If Jim had only followed the dictates of his own good sense and let nature take her course there would be nothing for me to tell, but his case was rendered almost hopeless by the intervention of some well-intending but misguided friends, who attempted to prescribe for him. Acting under their advice, he made a reckless attempt to assume something of the debonaire carriage which in his eyes was the acme of human accomplishments. But, alas! outraged nature turned upon him with quick and awful retribution. His attempts at playfulness were like the heavy gambols of an elephant, and in striving for easy bearing, he conducted himself with such shocking familiarity that he nearly ruined the reputation he sustained among the village matrons as a
"nice young man." Fortunately, his intelligence soon pointed out to him the folly of attempting to appear in any but the manner to which he was born, and he gave up these abortive methods.
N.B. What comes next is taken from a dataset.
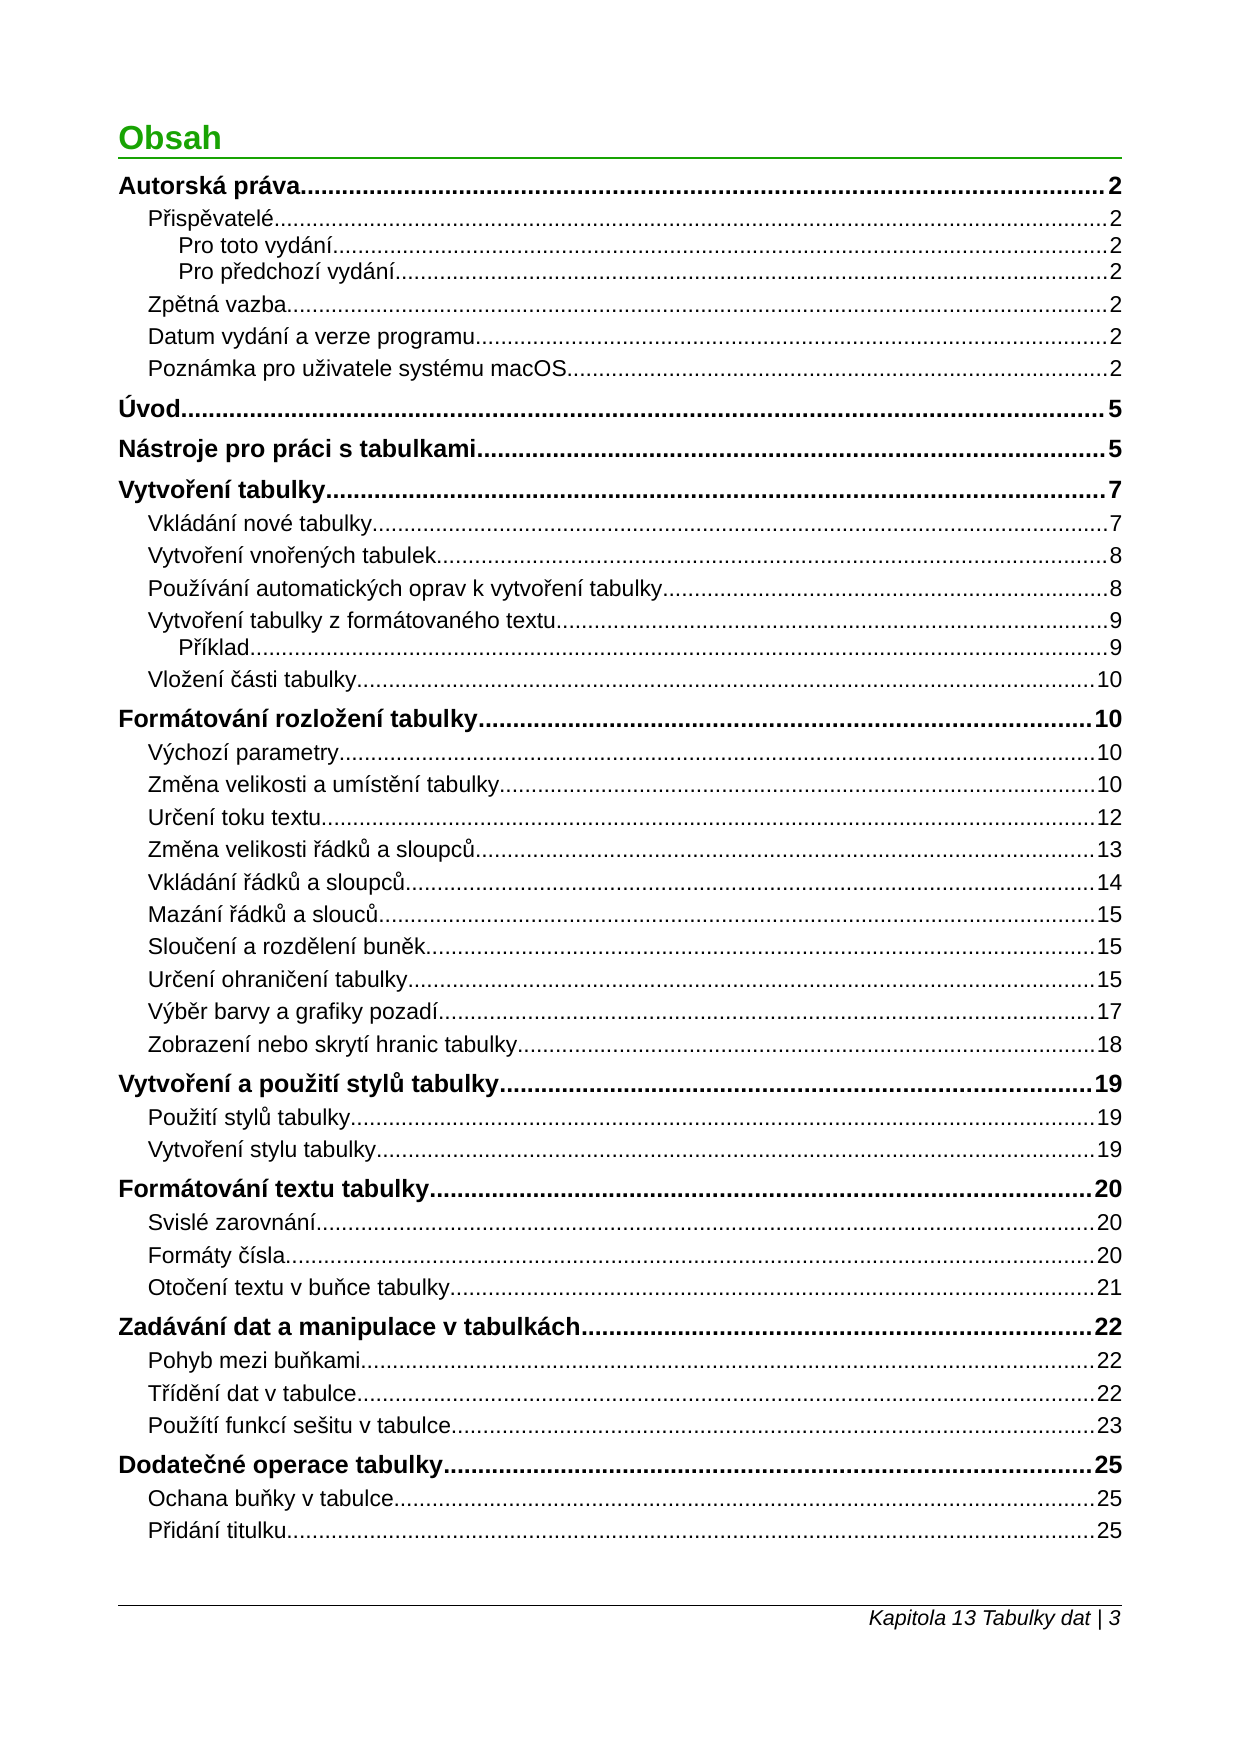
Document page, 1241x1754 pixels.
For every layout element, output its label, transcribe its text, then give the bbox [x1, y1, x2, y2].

Among the young men of the village in which Jim lived was one with whom he maintained some intimacy, and, as is usually the case in youthful friendships, his companion was in nearly every respect his opposite. As society went in the country village, Albert, his friend, was recognized as a society man and a great favorite with the ladies. It was mainly under his tutelage that poor Jim made his grotesque break for freedom, which ended in the disastrous manner which I shall relate.
Albert was no vain theorist in his method of instruction, but proposed to follow up his first lecture with a practical demonstration of the principles involved. ""T wont do any good for me to just tell you to screw up your courage and be easy and natural as I am," he told Jim, on the way home from school one afternoon. "You might agree with me, and set out to do as I tell you, but I'll bet that the first time you came into a room full of girls you'd slump down into the first chair handy, and sit and twiddle your fingers the whole evenin'."
Jim was forced to admit the reasonableness of this conclusion, and, although he had misgivings from the first, he could make no adequate protest to the plan which his zealous friend proposed to him. The plan was that Jim should spend the first week of the approaching vacation with Albert at his home in a neighboring town, where the latter confidently hoped, through the instrumentality of his sister, a bright young miss of about Jim's age, and her girl friends, effectually to cure his friend of his foolish weakness. The remedy, as Jim contemplated it, seemed to promise no indifferent result. It was one of those summary nostrums which kill or cure at once.
The week fixed for the visit drew rapidly near, and only too soon the fateful day came when he had to bid good-by to his mother (probably for the first time in his life) and take the drowsy old three-seated stage which connected the two villages. Fortune, like any other trickster, seems prone to play her pranks upon those who are least capable of bearing them, and in this instance, when the stage reached M- Jim learned with dismay that they would be delayed over an hour. This would bring him to his destination at an hour when all the family would probably have retired. His anticipations, therefore, of waking up a slumbering household and the prominence it must give him were not of the most pleasant character.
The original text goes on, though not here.